Santiago Espinosa de los Monteros fue el curador de esta exposición, como escuché decir a unas pubertas, “conceptual”. Uno de los objetivos de esta segunda edición fue reconocer a los artistas “emergentes”, causa que personalmente me parece de mode: nunca entiendo qué es lo que los convocantes entienden por emergente: ¿joven, desconocido, no reconocido, en vías de desarrollo —hormonal y artístico— o qué? Y luego resulta que los participantes son cachirulos o muy sobados, pero no vistos por el dreamteam, ni el mainstream, mucho menos el powerstream. Me pregunto por qué no simplemente se lanza una convocatoria políticamente correcta, o sea: que no discrimine por edad, color, religión, ideología o trayectoria, y que se concentre en observar la fuerza de la pieza en sí. Supongo que en mi mundo ideal la calidad sí ocupa un lugar importante. Pero mi actitud, lo asumo, también es de mode. En fin, supongo que una de las intenciones curatoriales (por el nombre) es sumarse —desde un punto de vista irónico— a la profecía maya. No sé si los artistas también se adhirieron a ese viaje apocalíptico con fecha de caducidad o sólo dejaron fluir el desencanto posmoderno líricamente. Ninguna de las siete obras a simple vista (que es la única apreciación posible debido a su planteamiento) me pareció que hiciera referencia al fin del mundo. Tampoco ninguna me resultó apocalíptica (en el sentido de una tendencia artística internacional presente desde hace tiempo en obras como las novelas de Cormac McCarthy, que carecen de final feliz y exhiben la desesperanza total).

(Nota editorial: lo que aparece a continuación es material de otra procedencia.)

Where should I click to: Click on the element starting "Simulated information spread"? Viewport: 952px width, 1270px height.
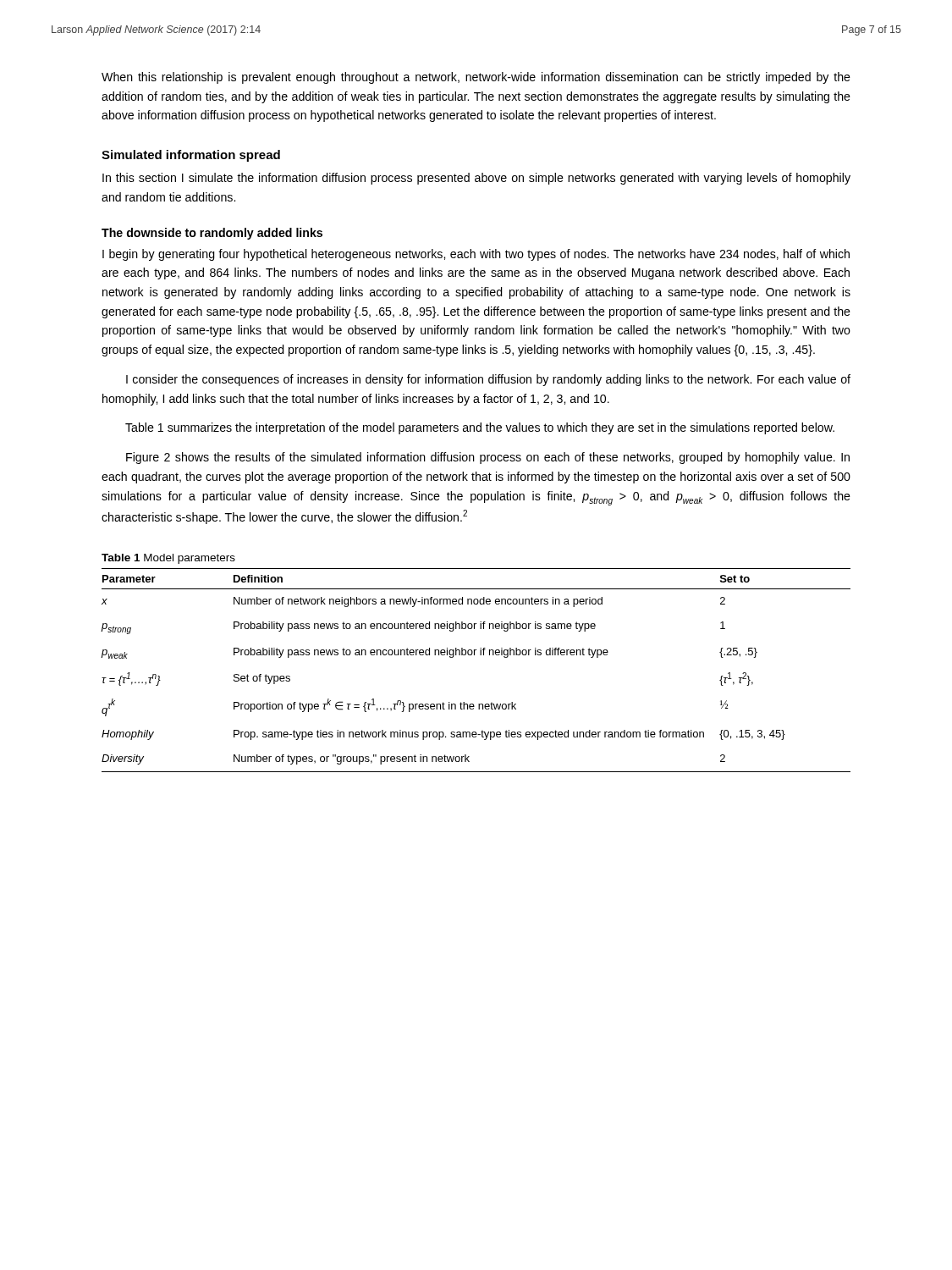(x=191, y=155)

De primer impacto pensé que el tema era el narco. Hubo sobre todo dos piezas que emulaban más un discurso político que arte,1 pero lo que más me cuestionó no fue el tema ni la forma de abordarlos ni la necedad de ser “conceptual a toda costa”, sino el desdén por la calidad: desde el primer día era evidente que ninguna pieza lograría permanecer ni siquiera el mes de exhibición. Entiendo que se trataba de piezas efímeras, pero el concepto de arte efímero2 no implica el uso de malos materiales, sino una permanencia transitoria, una desaparición casi imperceptible debido, precisamente, a los materiales y soportes que, por lo mismo, deben ser elegidos y tratados sin traicionar la razón de ser de la obra. Esta carencia de origen es la que inmediatamente me aturdió. Sobre todo porque es evidente que los artistas seleccionados por Espinosa de los Monteros vienen más de los medios tradicionales (y no es una crítica, sino un hecho) y su manera de abordar soportes efímeros fue hecha desde su experiencia en la creación de obras permanentes. En este sentido, lejos de exhibir un “talento” se expone una deficiencia.

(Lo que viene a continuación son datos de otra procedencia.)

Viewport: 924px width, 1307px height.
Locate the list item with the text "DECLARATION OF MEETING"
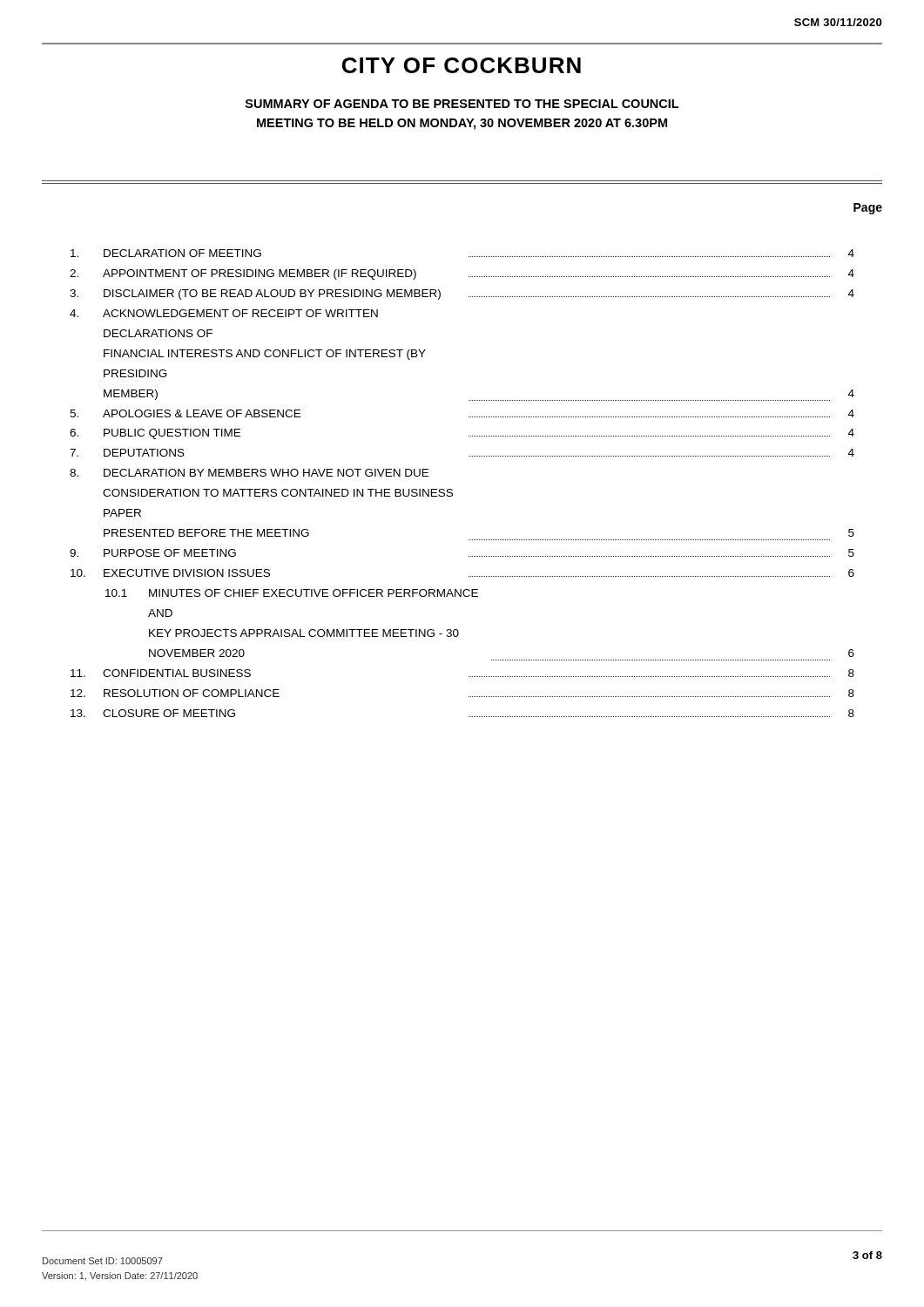(462, 254)

La pieza “Infinita tristeza”, de Antonio Gritón, constaba de telas negras colgadas en los árboles a lo largo de la calle Orizaba; de entrada el sentido transitorio de la obra sólo está dada en el montaje y desmontaje. Quizá si hubiera elegido materiales orgánicos otra historia sería, en cuanto a técnica; en cuanto a tema, ver ondeando telas negras mientras camino no me transmite tristeza ni idea apocalíptica alguna ni del fin del mundo, sino más bien de desperdicio: como cuando me topo al caminar con ropa tirada que nadie levanta. Esa pieza hace más referencia a los tenis colgados en los cables (como imagen popular ya arraigada en el imaginario colectivo chilango) que al tantas veces mal sobado arte conceptual. Asimismo, la pieza ganadora del artista Taniel Morales, “Delfín del mundo o colaterales”, que consiste en 60 mil figuras de unos siete centímetros, hechas de papel bond y pegadas a lo largo de 1.6 kilómetros —también en la calle de Orizaba—, como espectadora me habla más de una crítica a la guerra contra el narco que del fin de mundo, y también me confiesa que el autor no tiene idea de lo que es el arte efímero simplemente por el material elegido. Si bien la permanencia fue más que fugaz, en este sentido cumplía su naturaleza transitoria (pese a la propia intención, supongo, de ser vista durante un mes); aunque a la semana ya parecía basura.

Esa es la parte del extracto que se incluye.